Cutting Alot, Probably Going to Box
July 8, 2009So I’ve decided to cut until I reach the weight at which my athletic performance is affected negatively, eg. the weight at which I compromise strength or endurance in anaerobic work.
I’ll be monitoring the repetition range for specific weights on the incline bench press, lat pull-down, dead-lift, leg press and leg curl in future blogs. For example, I can currently incline press 225 at least 8 times. How much weight can I lose before falling short of that threshold? Presumably, it’s how much weight I can lose that is composed of anything but muscle. For me, that is probably 170-75 (I’m currently 190). However, is that necessarily true? If so, link me the science because I’m under the impression from some experiences (If I recall correctly), that more muscle doesn’t necessarily mean more strength. I feel like athletic composition such as speed, strength and power (the combination of the two) can be learned rather than just product of larger muscle fibers.

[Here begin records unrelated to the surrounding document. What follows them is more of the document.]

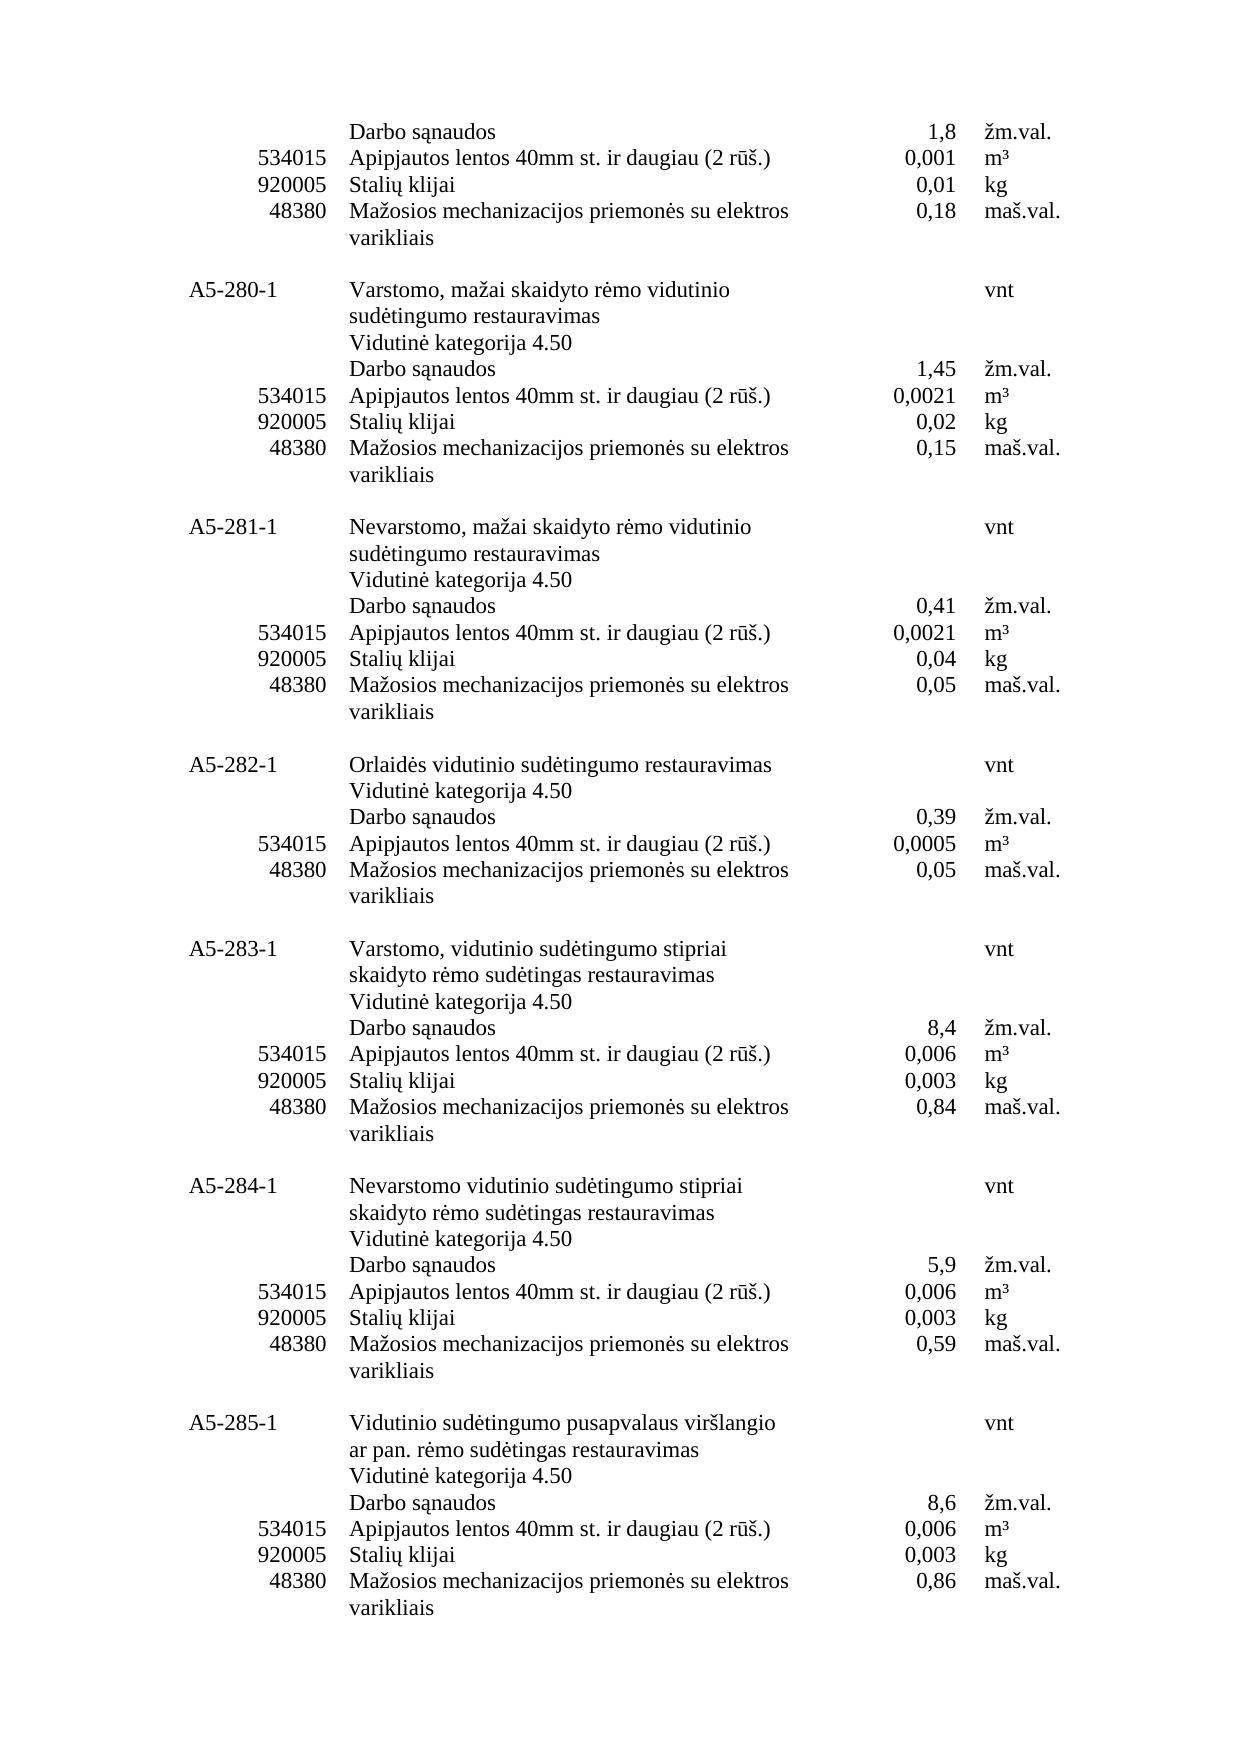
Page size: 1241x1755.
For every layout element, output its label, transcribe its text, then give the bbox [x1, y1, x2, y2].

table_cell A5-285-1 [177, 1410, 338, 1462]
table_cell kg [973, 1067, 1123, 1093]
table_cell 0,0021 [806, 382, 973, 408]
table_cell žm.val. [973, 593, 1123, 619]
table_cell 534015 [177, 145, 338, 171]
table_cell vnt [973, 514, 1123, 566]
table_cell 0,86 [806, 1568, 973, 1620]
table_cell 0,001 [806, 145, 973, 171]
table_cell Darbo sąnaudos [338, 803, 806, 830]
table_cell 920005 [177, 1304, 338, 1330]
table_cell 0,0005 [806, 830, 973, 856]
table_cell [177, 988, 338, 1014]
table_cell 920005 [177, 408, 338, 434]
table_cell 0,01 [806, 171, 973, 197]
table_cell vnt [973, 751, 1123, 777]
table_cell [806, 250, 973, 276]
table_cell Darbo sąnaudos [338, 118, 806, 144]
table_cell vnt [973, 276, 1123, 329]
table_cell [177, 487, 338, 513]
table_cell Vidutinė kategorija 4.50 [338, 777, 806, 803]
table_cell [177, 909, 338, 935]
table_cell Vidutinė kategorija 4.50 [338, 1225, 806, 1251]
table_cell Varstomo, mažai skaidyto rėmo vidutinio sudėtingumo restauravimas [338, 276, 806, 329]
table_cell Apipjautos lentos 40mm st. ir daugiau (2 rūš.) [338, 1515, 806, 1541]
table_cell 8,6 [806, 1489, 973, 1515]
table_cell žm.val. [973, 355, 1123, 382]
table_cell [177, 1489, 338, 1515]
table_cell [973, 1146, 1123, 1172]
table_cell Darbo sąnaudos [338, 355, 806, 382]
table_cell [973, 250, 1123, 276]
table_cell [973, 988, 1123, 1014]
table_cell A5-284-1 [177, 1172, 338, 1225]
table_cell [177, 1383, 338, 1409]
table_cell A5-280-1 [177, 276, 338, 329]
table_cell Stalių klijai [338, 1067, 806, 1093]
table_cell [806, 276, 973, 329]
table_cell [973, 566, 1123, 592]
table_cell 0,15 [806, 434, 973, 487]
table_cell 534015 [177, 1278, 338, 1304]
table_cell kg [973, 408, 1123, 434]
table_cell 48380 [177, 1330, 338, 1383]
table_cell Vidutinė kategorija 4.50 [338, 988, 806, 1014]
table_cell Stalių klijai [338, 645, 806, 672]
table_cell [806, 751, 973, 777]
table_cell [973, 777, 1123, 803]
table_cell vnt [973, 935, 1123, 988]
table_cell žm.val. [973, 1251, 1123, 1278]
table_cell Vidutinė kategorija 4.50 [338, 566, 806, 592]
table_cell žm.val. [973, 1014, 1123, 1041]
table_cell maš.val. [973, 672, 1123, 724]
table_cell Apipjautos lentos 40mm st. ir daugiau (2 rūš.) [338, 619, 806, 645]
table_cell Vidutinė kategorija 4.50 [338, 329, 806, 355]
table_cell [338, 1383, 806, 1409]
table_cell 534015 [177, 382, 338, 408]
table_cell Varstomo, vidutinio sudėtingumo stipriai skaidyto rėmo sudėtingas restauravimas [338, 935, 806, 988]
table_cell Mažosios mechanizacijos priemonės su elektros varikliais [338, 856, 806, 909]
table_cell kg [973, 1304, 1123, 1330]
table_cell 0,006 [806, 1515, 973, 1541]
table_cell A5-281-1 [177, 514, 338, 566]
table_cell 0,05 [806, 672, 973, 724]
table_cell A5-283-1 [177, 935, 338, 988]
table_cell [806, 988, 973, 1014]
table_cell 920005 [177, 645, 338, 672]
table_cell m³ [973, 1515, 1123, 1541]
table_cell 0,006 [806, 1041, 973, 1067]
table_cell [177, 1225, 338, 1251]
table_cell kg [973, 645, 1123, 672]
table_cell 920005 [177, 171, 338, 197]
table_cell Darbo sąnaudos [338, 1489, 806, 1515]
table_cell [806, 1383, 973, 1409]
table_cell [177, 566, 338, 592]
table_cell Apipjautos lentos 40mm st. ir daugiau (2 rūš.) [338, 145, 806, 171]
table_cell 0,003 [806, 1304, 973, 1330]
table_cell [177, 1146, 338, 1172]
table_cell [338, 909, 806, 935]
table_cell Nevarstomo vidutinio sudėtingumo stipriai skaidyto rėmo sudėtingas restauravimas [338, 1172, 806, 1225]
table_cell 534015 [177, 830, 338, 856]
table_cell žm.val. [973, 1489, 1123, 1515]
table_cell 0,59 [806, 1330, 973, 1383]
table_cell Nevarstomo, mažai skaidyto rėmo vidutinio sudėtingumo restauravimas [338, 514, 806, 566]
table_cell 534015 [177, 1515, 338, 1541]
table_cell maš.val. [973, 856, 1123, 909]
table_cell 920005 [177, 1067, 338, 1093]
table_cell [177, 777, 338, 803]
table_cell 5,9 [806, 1251, 973, 1278]
table_cell maš.val. [973, 434, 1123, 487]
table_cell maš.val. [973, 1330, 1123, 1383]
table_cell Mažosios mechanizacijos priemonės su elektros varikliais [338, 197, 806, 250]
table_cell 0,18 [806, 197, 973, 250]
table_cell [973, 1225, 1123, 1251]
table_cell Vidutinio sudėtingumo pusapvalaus viršlangio ar pan. rėmo sudėtingas restauravimas [338, 1410, 806, 1462]
table_cell m³ [973, 619, 1123, 645]
table_cell 0,003 [806, 1067, 973, 1093]
table_cell [806, 329, 973, 355]
table_cell Apipjautos lentos 40mm st. ir daugiau (2 rūš.) [338, 382, 806, 408]
table_cell maš.val. [973, 1568, 1123, 1620]
table_cell [177, 329, 338, 355]
table_cell vnt [973, 1410, 1123, 1462]
table_cell 48380 [177, 434, 338, 487]
table_cell 0,003 [806, 1541, 973, 1568]
table_cell 48380 [177, 856, 338, 909]
table_cell [177, 250, 338, 276]
table_cell Mažosios mechanizacijos priemonės su elektros varikliais [338, 1330, 806, 1383]
table_cell Mažosios mechanizacijos priemonės su elektros varikliais [338, 1093, 806, 1146]
table_cell [806, 1410, 973, 1462]
table_cell Apipjautos lentos 40mm st. ir daugiau (2 rūš.) [338, 1041, 806, 1067]
table_cell [973, 909, 1123, 935]
table_cell 8,4 [806, 1014, 973, 1041]
table_cell [338, 724, 806, 751]
table_cell [177, 593, 338, 619]
table_cell kg [973, 171, 1123, 197]
table_cell [806, 777, 973, 803]
table_cell 0,0021 [806, 619, 973, 645]
table_cell kg [973, 1541, 1123, 1568]
table_cell 48380 [177, 1093, 338, 1146]
table_cell vnt [973, 1172, 1123, 1225]
table_cell 48380 [177, 1568, 338, 1620]
table_cell 0,41 [806, 593, 973, 619]
table_cell 0,04 [806, 645, 973, 672]
table_cell 534015 [177, 619, 338, 645]
table_cell maš.val. [973, 1093, 1123, 1146]
table_cell žm.val. [973, 803, 1123, 830]
table_cell m³ [973, 382, 1123, 408]
table_cell Darbo sąnaudos [338, 593, 806, 619]
table_cell 920005 [177, 1541, 338, 1568]
table_cell [177, 724, 338, 751]
table_cell [177, 1251, 338, 1278]
table_cell [973, 329, 1123, 355]
table_cell [338, 250, 806, 276]
table_cell 1,45 [806, 355, 973, 382]
table_cell 0,05 [806, 856, 973, 909]
table_cell Stalių klijai [338, 171, 806, 197]
table_cell Apipjautos lentos 40mm st. ir daugiau (2 rūš.) [338, 830, 806, 856]
table_cell [806, 724, 973, 751]
table_cell A5-282-1 [177, 751, 338, 777]
table_cell [806, 514, 973, 566]
table_cell 534015 [177, 1041, 338, 1067]
table_cell Vidutinė kategorija 4.50 [338, 1462, 806, 1488]
table_cell [806, 1462, 973, 1488]
table_cell [806, 1172, 973, 1225]
table_cell Darbo sąnaudos [338, 1014, 806, 1041]
table_cell m³ [973, 1278, 1123, 1304]
table_cell [177, 1014, 338, 1041]
table_cell m³ [973, 830, 1123, 856]
table_cell 0,02 [806, 408, 973, 434]
table_cell [806, 909, 973, 935]
table_cell [177, 355, 338, 382]
table_cell 1,8 [806, 118, 973, 144]
table_cell 0,39 [806, 803, 973, 830]
table_cell [806, 487, 973, 513]
table_cell 48380 [177, 197, 338, 250]
table_cell Stalių klijai [338, 1541, 806, 1568]
table_cell [177, 803, 338, 830]
table_cell [177, 1462, 338, 1488]
table_cell 0,84 [806, 1093, 973, 1146]
table_cell [177, 118, 338, 144]
table_cell žm.val. [973, 118, 1123, 144]
table_cell Stalių klijai [338, 1304, 806, 1330]
table_cell [806, 1225, 973, 1251]
table_cell [338, 1146, 806, 1172]
table_cell 48380 [177, 672, 338, 724]
table_cell Mažosios mechanizacijos priemonės su elektros varikliais [338, 1568, 806, 1620]
table_cell [973, 487, 1123, 513]
table_cell Mažosios mechanizacijos priemonės su elektros varikliais [338, 434, 806, 487]
table_cell [806, 1146, 973, 1172]
table_cell [973, 724, 1123, 751]
table_cell Darbo sąnaudos [338, 1251, 806, 1278]
table_cell m³ [973, 1041, 1123, 1067]
table_cell [806, 566, 973, 592]
table_cell maš.val. [973, 197, 1123, 250]
table_cell 0,006 [806, 1278, 973, 1304]
table_cell Orlaidės vidutinio sudėtingumo restauravimas [338, 751, 806, 777]
table_cell m³ [973, 145, 1123, 171]
table_cell [338, 487, 806, 513]
table_cell Mažosios mechanizacijos priemonės su elektros varikliais [338, 672, 806, 724]
table_cell [973, 1383, 1123, 1409]
table_cell [806, 935, 973, 988]
table_cell [973, 1462, 1123, 1488]
table_cell Apipjautos lentos 40mm st. ir daugiau (2 rūš.) [338, 1278, 806, 1304]
table_cell Stalių klijai [338, 408, 806, 434]

At any rate, I’m going to use every ounce of evolving knowledge and carefully executed theory-inspired experimentation -albeit all healthy and legal - to transform myself into the perfect specimen, designed for boxing and perhaps even cage-fighting. This process is somewhat underway already as I’ve been on a targeted ketogenic diet, which I initially miscalculated some weeks ago because now I realize that I was eating at maintenance level, not deprivation. Now I’m going about 1200 short of maintenance intake while taking in about 340 grams of protein daily in anticipation of losing at least 4 lbs a month of anything but muscle tissue.
On the boxing tip.. don’t count me out. I’m mean. Watch me now!